Fig. 4: Spiking dynamics when solving a 150-node Ising problem.
figure 4

a Time evolutions of \(v\)-DOPO amplitudes with couplings of \(\widetilde{{J}_{k}}\) = 0.250 (lower) and without coupling (top). Pump amplitudes increase linearly with time. b Time evolutions of Ising energy for \(\widetilde{{J}_{k}}\) = 0.083, 0.167, and 0.250. Strong couplings give the best-known solution. c Relationship between local energy and firing rate. Firing rate and local energy are positively correlated with strong couplings, suggesting that energetically unstable neurons have high firing rate due to the self-tuning effect of the spiking mode.

Discussion

It was confirmed that the spiking dynamics of the DOPO neurons can be controlled from class-II to class-I neuronal mode by increasing optical-pump amplitude, and firing rate can be modulated dynamically by the crossover of different spiking modes.
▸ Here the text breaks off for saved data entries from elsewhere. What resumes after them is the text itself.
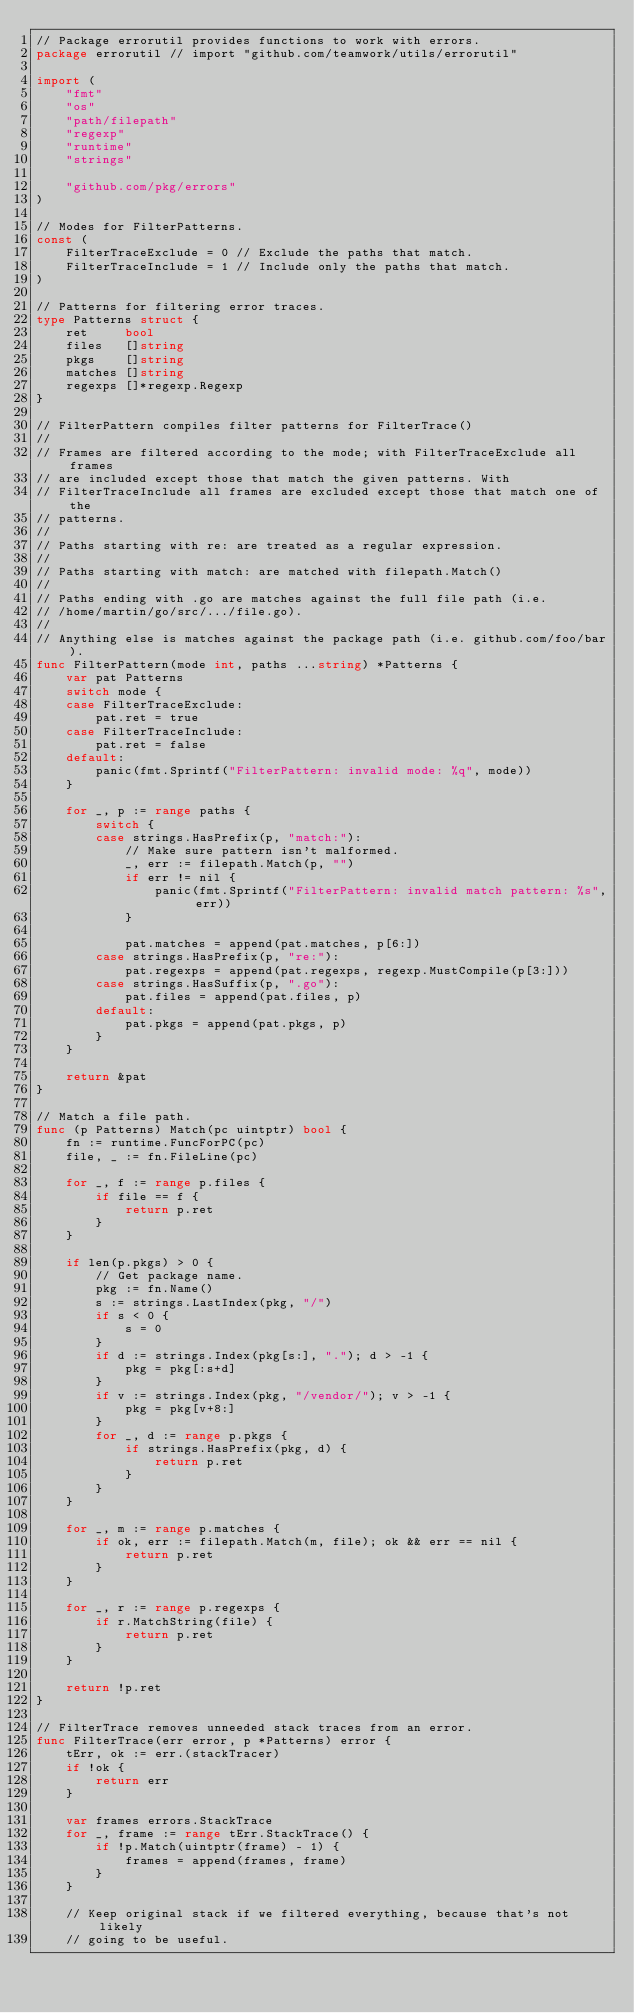Convert code to text. <code><loc_0><loc_0><loc_500><loc_500><_Go_>// Package errorutil provides functions to work with errors.
package errorutil // import "github.com/teamwork/utils/errorutil"

import (
	"fmt"
	"os"
	"path/filepath"
	"regexp"
	"runtime"
	"strings"

	"github.com/pkg/errors"
)

// Modes for FilterPatterns.
const (
	FilterTraceExclude = 0 // Exclude the paths that match.
	FilterTraceInclude = 1 // Include only the paths that match.
)

// Patterns for filtering error traces.
type Patterns struct {
	ret     bool
	files   []string
	pkgs    []string
	matches []string
	regexps []*regexp.Regexp
}

// FilterPattern compiles filter patterns for FilterTrace()
//
// Frames are filtered according to the mode; with FilterTraceExclude all frames
// are included except those that match the given patterns. With
// FilterTraceInclude all frames are excluded except those that match one of the
// patterns.
//
// Paths starting with re: are treated as a regular expression.
//
// Paths starting with match: are matched with filepath.Match()
//
// Paths ending with .go are matches against the full file path (i.e.
// /home/martin/go/src/.../file.go).
//
// Anything else is matches against the package path (i.e. github.com/foo/bar).
func FilterPattern(mode int, paths ...string) *Patterns {
	var pat Patterns
	switch mode {
	case FilterTraceExclude:
		pat.ret = true
	case FilterTraceInclude:
		pat.ret = false
	default:
		panic(fmt.Sprintf("FilterPattern: invalid mode: %q", mode))
	}

	for _, p := range paths {
		switch {
		case strings.HasPrefix(p, "match:"):
			// Make sure pattern isn't malformed.
			_, err := filepath.Match(p, "")
			if err != nil {
				panic(fmt.Sprintf("FilterPattern: invalid match pattern: %s", err))
			}

			pat.matches = append(pat.matches, p[6:])
		case strings.HasPrefix(p, "re:"):
			pat.regexps = append(pat.regexps, regexp.MustCompile(p[3:]))
		case strings.HasSuffix(p, ".go"):
			pat.files = append(pat.files, p)
		default:
			pat.pkgs = append(pat.pkgs, p)
		}
	}

	return &pat
}

// Match a file path.
func (p Patterns) Match(pc uintptr) bool {
	fn := runtime.FuncForPC(pc)
	file, _ := fn.FileLine(pc)

	for _, f := range p.files {
		if file == f {
			return p.ret
		}
	}

	if len(p.pkgs) > 0 {
		// Get package name.
		pkg := fn.Name()
		s := strings.LastIndex(pkg, "/")
		if s < 0 {
			s = 0
		}
		if d := strings.Index(pkg[s:], "."); d > -1 {
			pkg = pkg[:s+d]
		}
		if v := strings.Index(pkg, "/vendor/"); v > -1 {
			pkg = pkg[v+8:]
		}
		for _, d := range p.pkgs {
			if strings.HasPrefix(pkg, d) {
				return p.ret
			}
		}
	}

	for _, m := range p.matches {
		if ok, err := filepath.Match(m, file); ok && err == nil {
			return p.ret
		}
	}

	for _, r := range p.regexps {
		if r.MatchString(file) {
			return p.ret
		}
	}

	return !p.ret
}

// FilterTrace removes unneeded stack traces from an error.
func FilterTrace(err error, p *Patterns) error {
	tErr, ok := err.(stackTracer)
	if !ok {
		return err
	}

	var frames errors.StackTrace
	for _, frame := range tErr.StackTrace() {
		if !p.Match(uintptr(frame) - 1) {
			frames = append(frames, frame)
		}
	}

	// Keep original stack if we filtered everything, because that's not likely
	// going to be useful.</code>

This flexible controllability of spiking modes induces a self-tuning effect in the collective dynamics of the DOPO neurons. Because the pump amplitudes of clustered DOPO neurons can be approximately renormalized as \({P}_{i}^{{\prime} }={P}_{i}+r(N-1){J}_{k}\), the pump amplitude can be effectively increased as the order parameter \(r\) of synchronization is increased. Our experimental results show that the firing rate of neuron is modulated according to the order parameter. Such spontaneous modification of the collective dynamics assisted the synchronization even though neurons have significantly different firing rates. Additionally, the self-tuning effect of firing rate was utilized to improve the optimization process of the Ising spin network. Since the renormalized pump amplitude can be rewritten as \({P}_{i}^{{\prime} }={P}_{i}-\frac{1}{2}{J}_{k}{E}_{{\rm{loc}},{i}}\) in the case of the antiferromagnetic spin network, the firing rate of neuron is modulated according to local energy \({E}_{{\rm{loc}},{i}}\). Firing-rate selectivity for the local energy might be an effective way to find global lower-energy solutions of the Ising model. The present DOPO neural network inherently includes such a dynamical optimization process thanks to the self-tuning effect of the collective spiking dynamics.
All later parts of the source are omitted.